• **Extracted material**:
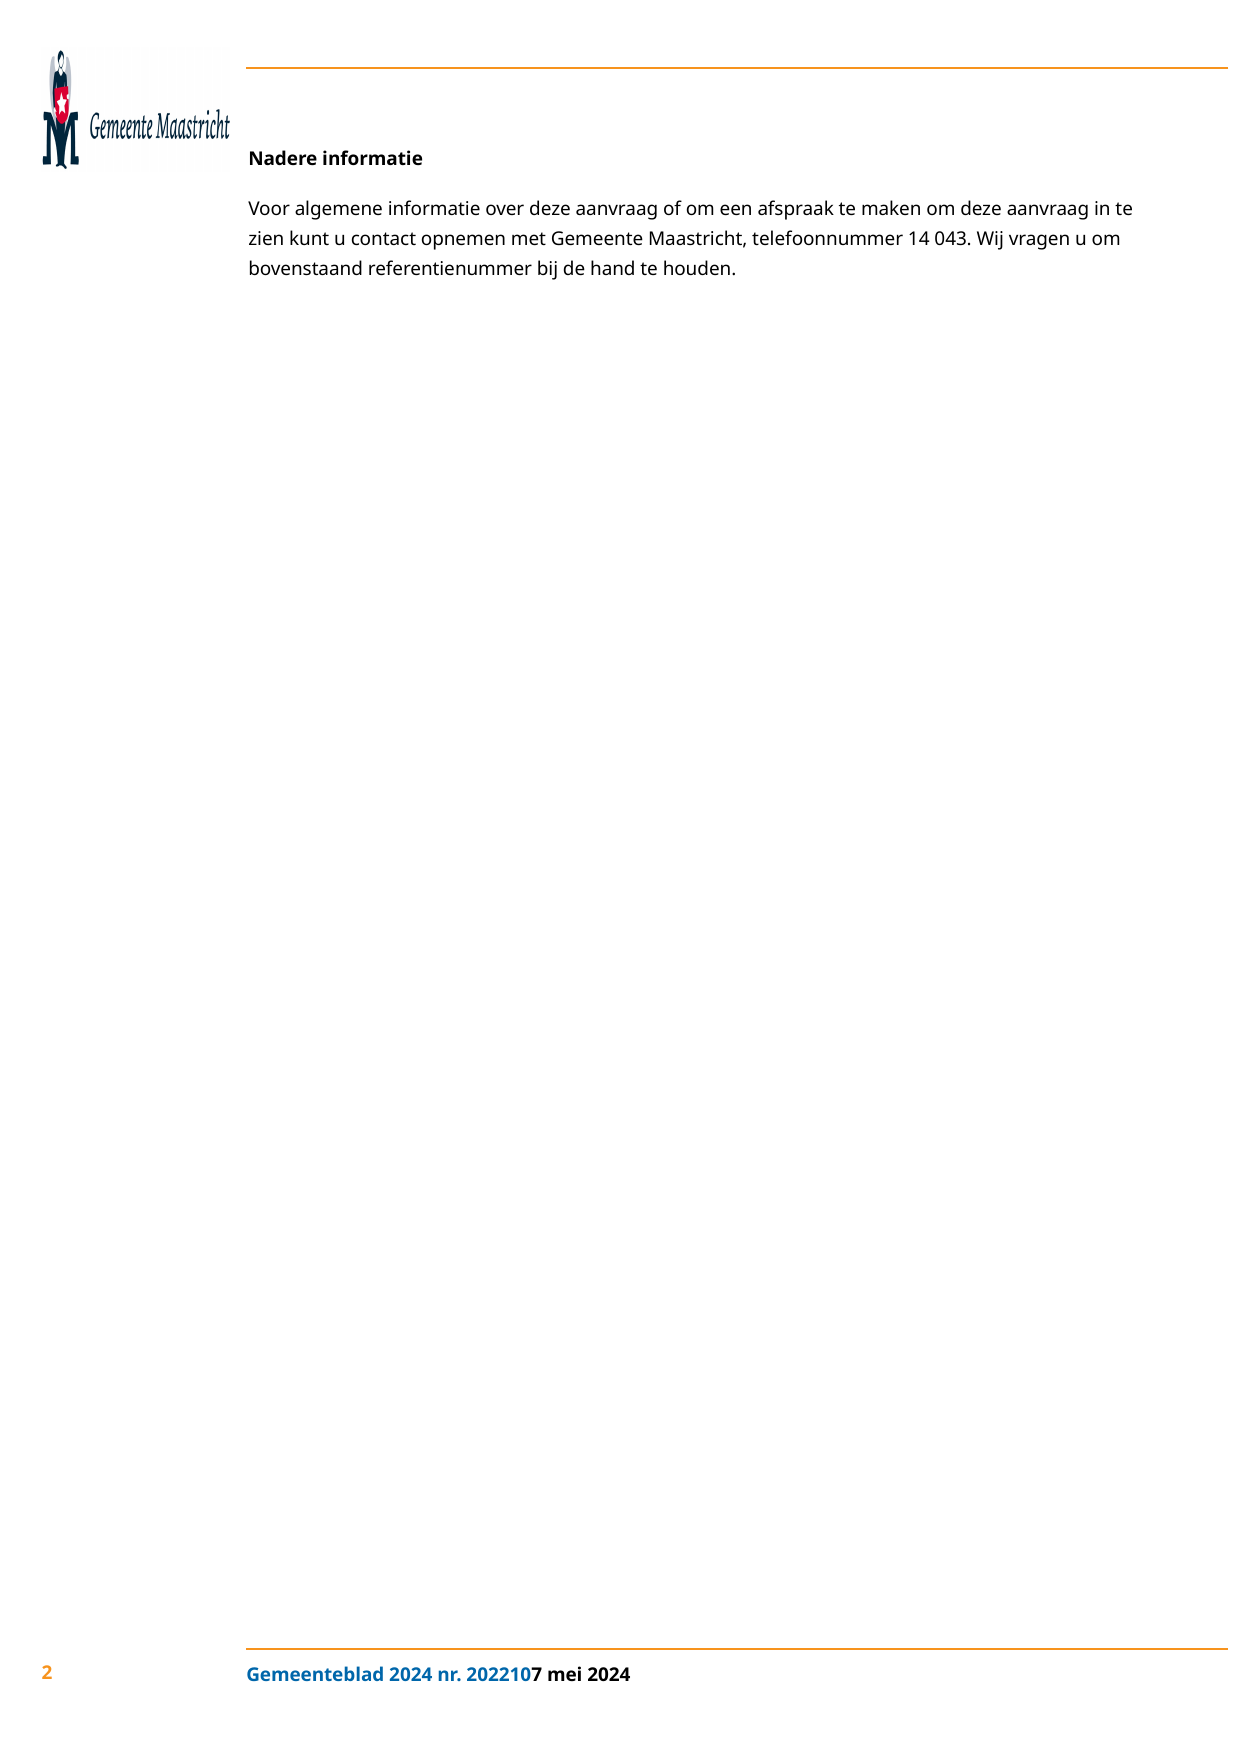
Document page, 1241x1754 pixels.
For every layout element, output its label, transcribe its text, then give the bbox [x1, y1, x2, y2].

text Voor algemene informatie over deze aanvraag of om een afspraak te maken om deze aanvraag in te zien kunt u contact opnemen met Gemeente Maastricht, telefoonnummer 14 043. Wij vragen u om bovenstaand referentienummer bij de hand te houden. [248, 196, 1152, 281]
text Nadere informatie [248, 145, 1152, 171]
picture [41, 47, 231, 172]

• **Task objective**:
Exactly the lines from the one containing "For every layout" through the last line of the records are to be transcribed, both endpoints included.

• **Exercise output**:
For every layout element, output its label, transcribe its text, then give the bbox [x1, y1, x2, y2].

text Voor algemene informatie over deze aanvraag of om een afspraak te maken om deze aanvraag in te zien kunt u contact opnemen met Gemeente Maastricht, telefoonnummer 14 043. Wij vragen u om bovenstaand referentienummer bij de hand te houden. [248, 196, 1152, 281]
text Nadere informatie [248, 145, 1152, 171]
picture [41, 47, 231, 172]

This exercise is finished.